Hi, all. I have done some testing by calling copy_if function on both gpu and cpu data.
I have found when using gpu data, thrust::copy_if is really slow. Here is the result:
using GPU looping: 900 us
using CPU looping: 10 us
On Ubuntu 14.04, cuda-8.0, driver 384.130, device is Tesla P4.
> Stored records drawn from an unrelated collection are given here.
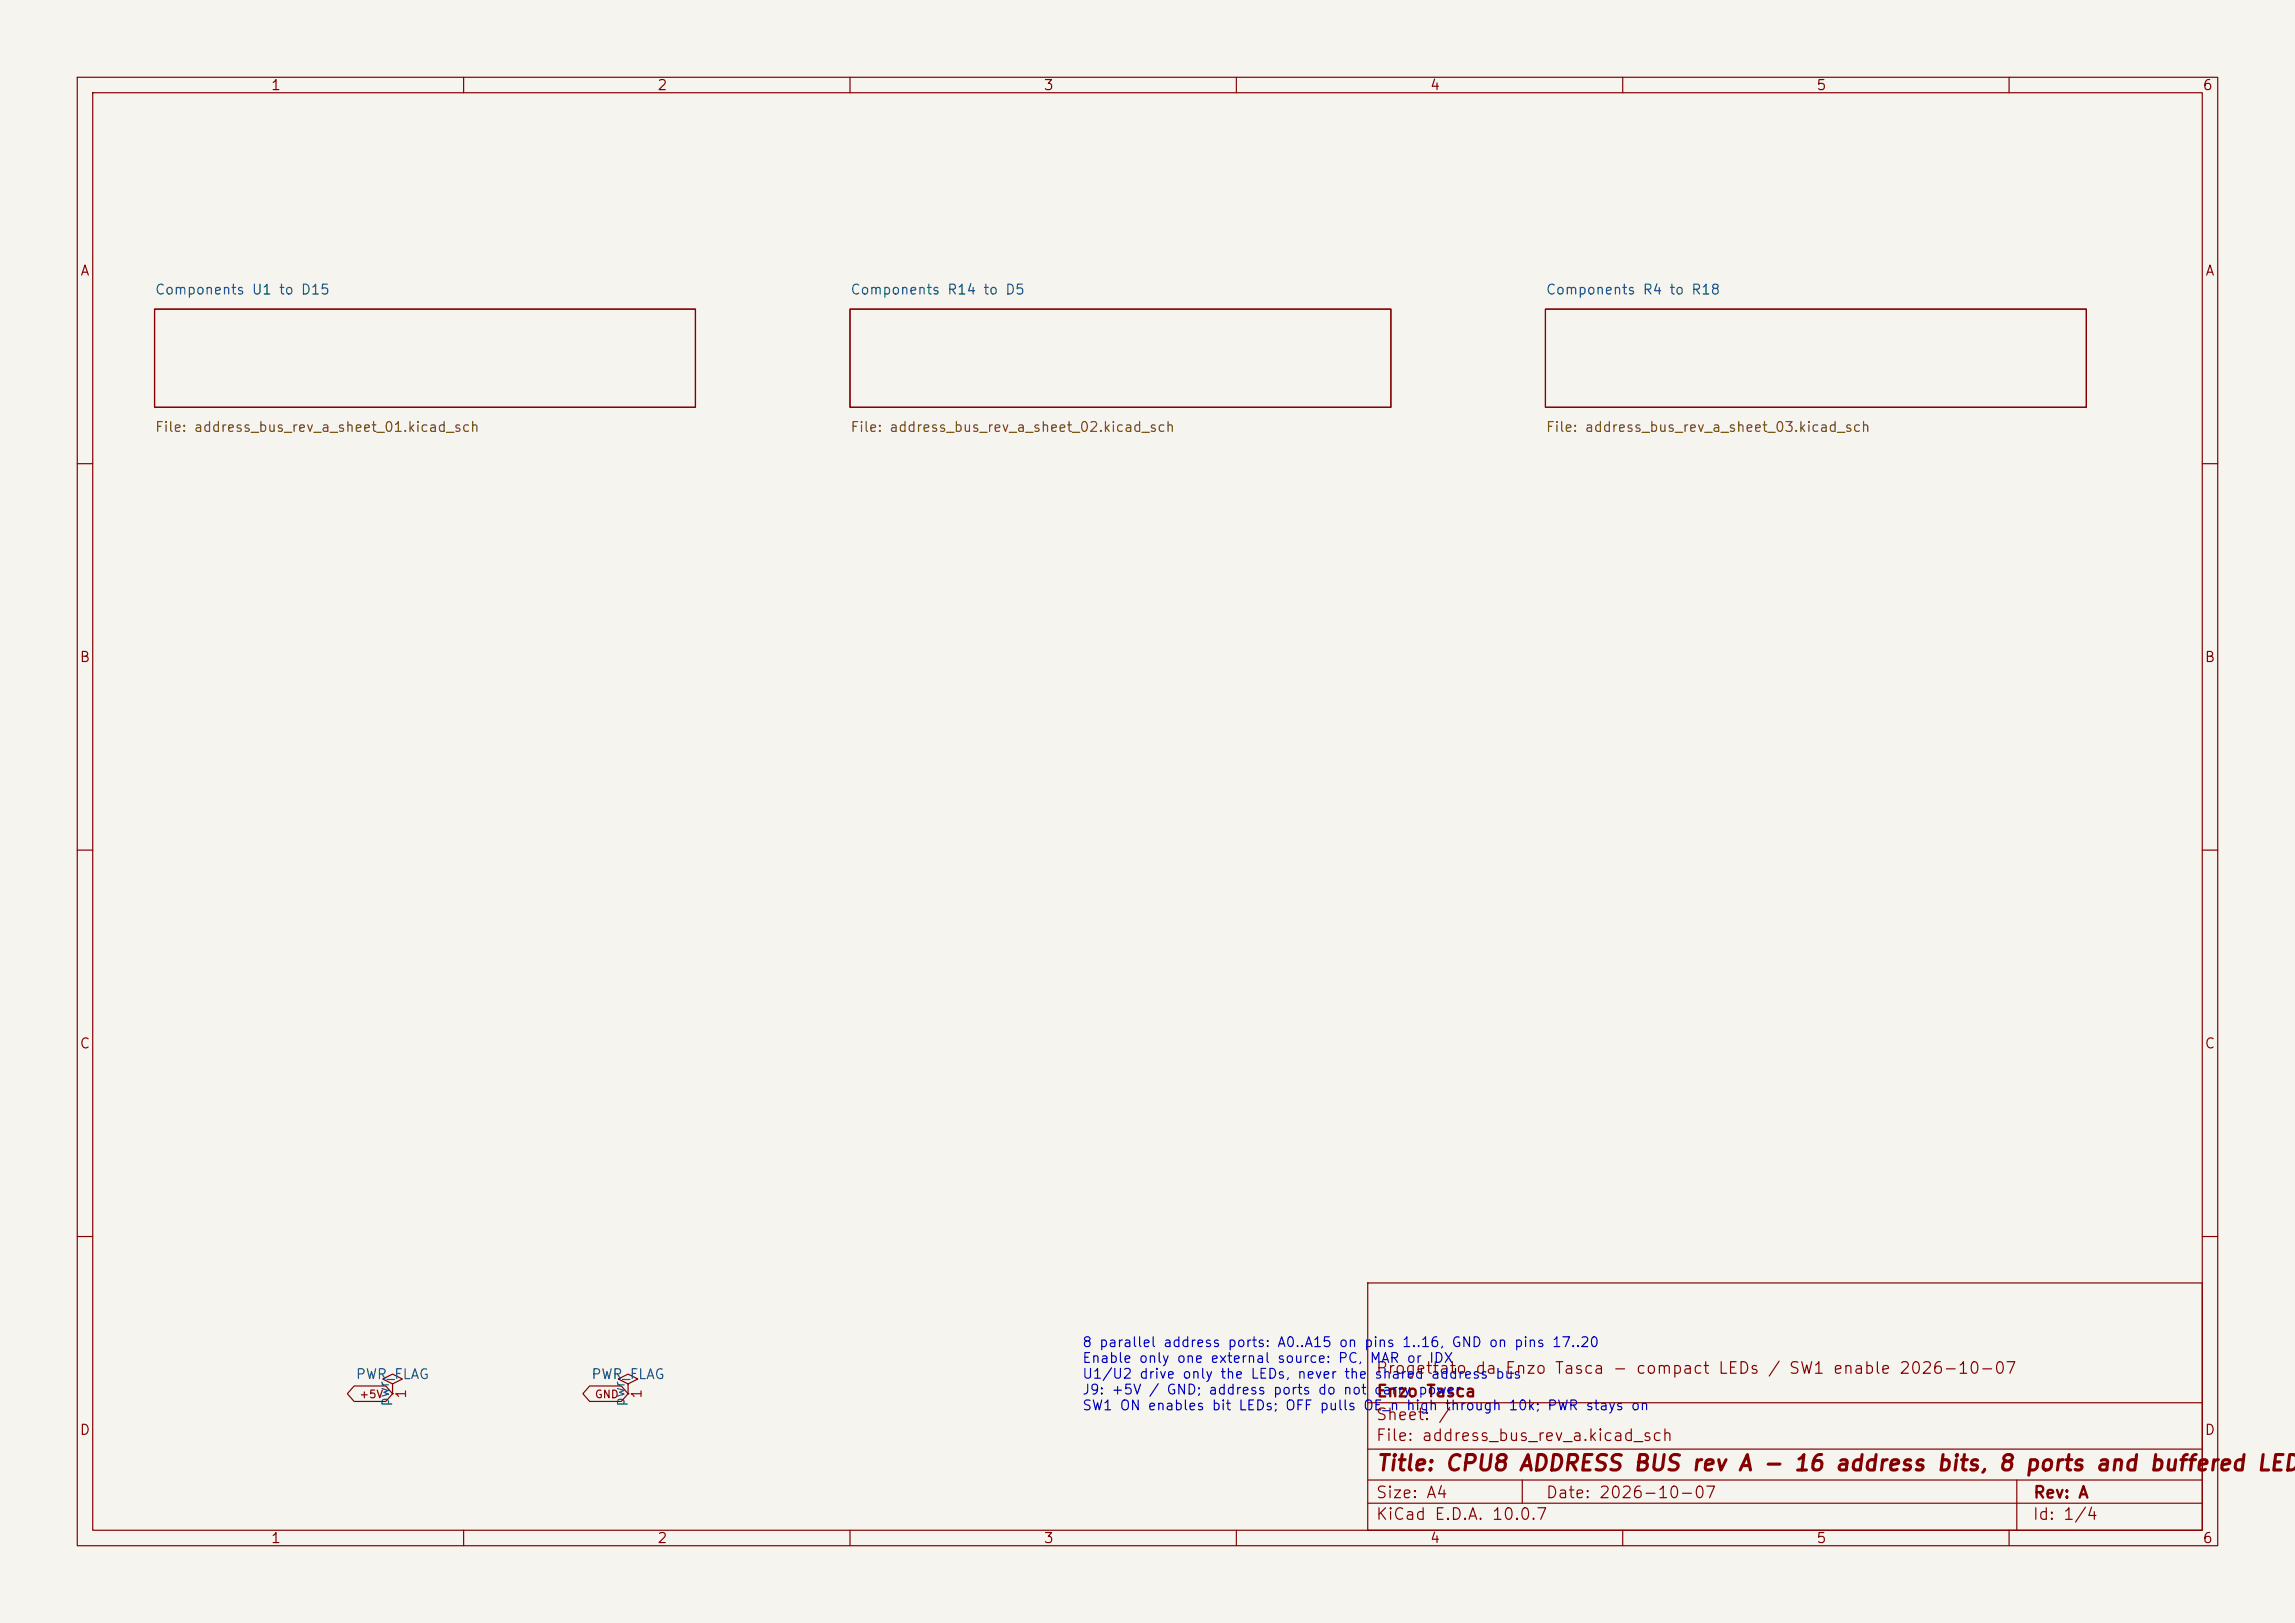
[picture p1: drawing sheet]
<svg xmlns="http://www.w3.org/2000/svg" width="297mm" height="210mm" viewBox="0 0 297 210" stroke-linecap="round" stroke-linejoin="round" font-family="sans-serif">
<defs><g id="words">
<text font-size="2" fill="#840000" x="178" y="190.8">Title: CPU8 ADDRESS BUS rev A - 16 address bits, 8 ports and buffered LEDs</text>
<g font-size="1.5" fill="#840000">
<text x="178" y="178.1">Progettato da Enzo Tasca - compact LEDs / SW1 enable 2026-10-07</text>
<text x="178" y="184.1">Sheet: /</text>
<text x="178" y="181.1">Enzo Tasca</text>
<text x="178" y="186.8">File: address_bus_rev_a.kicad_sch</text>
<text x="178" y="197">KiCad E.D.A. 10.0.7</text>
<text x="178" y="194.2">Size: A4</text>
<text x="200" y="194.2">Date: 2026-10-07</text>
<text x="263" y="197">Id: 1/4</text>
<text x="263" y="194.2">Rev: A</text>
</g>
<g font-size="1.3" fill="#840000">
<text x="35" y="12">1</text>
<text x="85" y="12">2</text>
<text x="135" y="12">3</text>
<text x="185" y="12">4</text>
<text x="235" y="12">5</text>
<text x="285" y="12">6</text>
<text x="10.3" y="36">A</text>
<text x="285.3" y="36">A</text>
<text x="10.2" y="86">B</text>
<text x="285.2" y="86">B</text>
<text x="10.2" y="136">C</text>
<text x="285.2" y="136">C</text>
<text x="10.2" y="186">D</text>
<text x="285.2" y="186">D</text>
<text x="35" y="200">1</text>
<text x="85" y="200">2</text>
<text x="135" y="200">3</text>
<text x="185" y="200">4</text>
<text x="235" y="200">5</text>
<text x="285" y="200">6</text>
</g>
<g font-size="1.3" fill="#006464">
<text x="20" y="38.4">Components U1 to D15</text>
<text x="110" y="38.4">Components R14 to D5</text>
<text x="200" y="38.4">Components R4 to R18</text>
<text x="46" y="178.8">PWR_FLAG</text>
<text x="76.4" y="178.8">PWR_FLAG</text>
<text x="50.7" y="182.1" transform="rotate(-90 50.7 182.1)">pwr</text>
<text x="81.1" y="182.1" transform="rotate(-90 81.1 182.1)">pwr</text>
</g>
<g font-size="1.3" fill="#725600">
<text x="20" y="56.2">File: address_bus_rev_a_sheet_01.kicad_sch</text>
<text x="110" y="56.2">File: address_bus_rev_a_sheet_02.kicad_sch</text>
<text x="200" y="56.2">File: address_bus_rev_a_sheet_03.kicad_sch</text>
</g>
<g font-size="1.3" fill="#0000c2">
<text x="140" y="174.6">8 parallel address ports: A0..A15 on pins 1..16, GND on pins 17..20</text>
<text x="140" y="176.7">Enable only one external source: PC,</text>
<text x="140" y="178.7">U1/U2 drive only the LEDs, never the</text>
<text x="177.2" y="176.7">MAR or IDX</text>
<text x="177.8" y="178.7">shared address bus</text>
<text x="140" y="180.8">J9: +5V / GND; address ports do not</text>
<text x="140" y="182.8">SW1 ON enables bit LEDs; OFF pulls OE_n high through 10k; PWR stays on</text>
<text x="177.7" y="180.8">carry power</text>
</g>
<g font-size="1.3" fill="#a90000">
<text x="52.9" y="181.1" transform="rotate(-90 52.9 181.1)">1</text>
<text x="83.3" y="181.1" transform="rotate(-90 83.3 181.1)">1</text>
</g>
<g font-size="1" fill="#840000">
<text x="46.4" y="181.2">+5V</text>
<text x="76.9" y="181.2">GND</text>
</g>
</g></defs>
<path d="M0 0h297v210h-297z" fill="#f5f4ef" stroke="#f5f4ef" stroke-width=".13"/>
<g fill="none" stroke="#840000" stroke-width=".15">
<path d="M10 10h277v190h-277zM12 12h273v186h-273zM60 10v2M110 10v2M160 10v2M210 10v2M260 10v2M20 40h70v12.7h-70zM110 40h70v12.7h-70zM200 40h70v12.7h-70zM10 60h2M285 60h2"/>
<path d="M10 110h2M285 110h2M10 160h2M45.8 179.3h4.1l.9 1-.9 1h-4.1l-.8-1zM50.8 179.1l1.3-.7-1.3-.6-1.3 .6 1.3 .7v1.2M76.3 179.3h4.1l.9 1-.9 1h-4.1l-.9-1zM81.3 179.1l1.2-.7-1.2-.6-1.3 .6 1.3 .7v1.2M177 166h108v32h-108zM285 160h2M50.8 180.3h.1M60 198v2M81.3 180.3h.1"/>
<path d="M110 198v2M160 198v2M177 194.5h108M177 191.5h108M177 187.5h108M177 181.5h108M197 191.5v3M210 198v2M260 198v2M261 191.5v6.5"/>
</g>
<use href="#words"/>
</svg>

/usr/local/cuda/bin/nvcc -arch=sm_61 -std=c++11 -O2 copy_if.cu -o output
Below is the code of copy_if.cu:
#include <chrono>
#include <cstddef>
#include <cstdlib>
#include <iostream>
#include <string>
#include <thrust/device_vector.h>
#include <thrust/execution_policy.h>
#include <thrust/functional.h>
struct dummy {
__host__ __device__
bool operator()(const int index) { return true; }
};
int main() {
cudaStream_t stream;
cudaStreamCreate(&stream);
int num = 56670;
int *origin_gpu;
cudaMalloc(&origin_gpu, num * sizeof(int));
int *idx_gpu;
cudaMalloc(&idx_gpu, num * sizeof(int));
int *origin_cpu = (int *)malloc(num * sizeof(int));
int *idx_cpu = (int *)malloc(num * sizeof(int));
auto start = std::chrono::steady_clock::now();
thrust::device_ptr<int> origin_ptr(origin_gpu);
thrust::device_ptr<int> idx_ptr(idx_gpu);
auto end = std::chrono::steady_clock::now();
std::cout << "device_ptr: "
<< std::chrono::duration_cast<std::chrono::microseconds>(end-start).count()
<< " us"
<< std::endl;
{
for (int i=0; i<10; i++) {
start = std::chrono::steady_clock::now();
auto idx_end = thrust::copy_if(
origin_ptr,
origin_ptr + num,
idx_ptr,
dummy());
end = std::chrono::steady_clock::now();
std::cout << "copy_if gpu: "
<< std::chrono::duration_cast<std::chrono::microseconds>(end-start).count()
<< " us"
<< std::endl;
}
}
{
for (int i=0; i<10; i++) {
start = std::chrono::steady_clock::now();
auto idx_end = thrust::copy_if(
origin_cpu,
origin_cpu + num,
idx_cpu,
dummy());
end = std::chrono::steady_clock::now();
std::cout << "copy_if cpu: "
<< std::chrono::duration_cast<std::chrono::microseconds>(end-start).count()
<< " us"
<< std::endl;
}
}
cudaFree(origin_gpu);
cudaFree(idx_gpu);
free(origin_cpu);
free(idx_cpu);
cudaError_t error = cudaGetLastError();
if (error != cudaSuccess) {
std::cerr << cudaGetErrorString(error) << std::endl;
exit(EXIT_FAILURE);
}
return 0;
}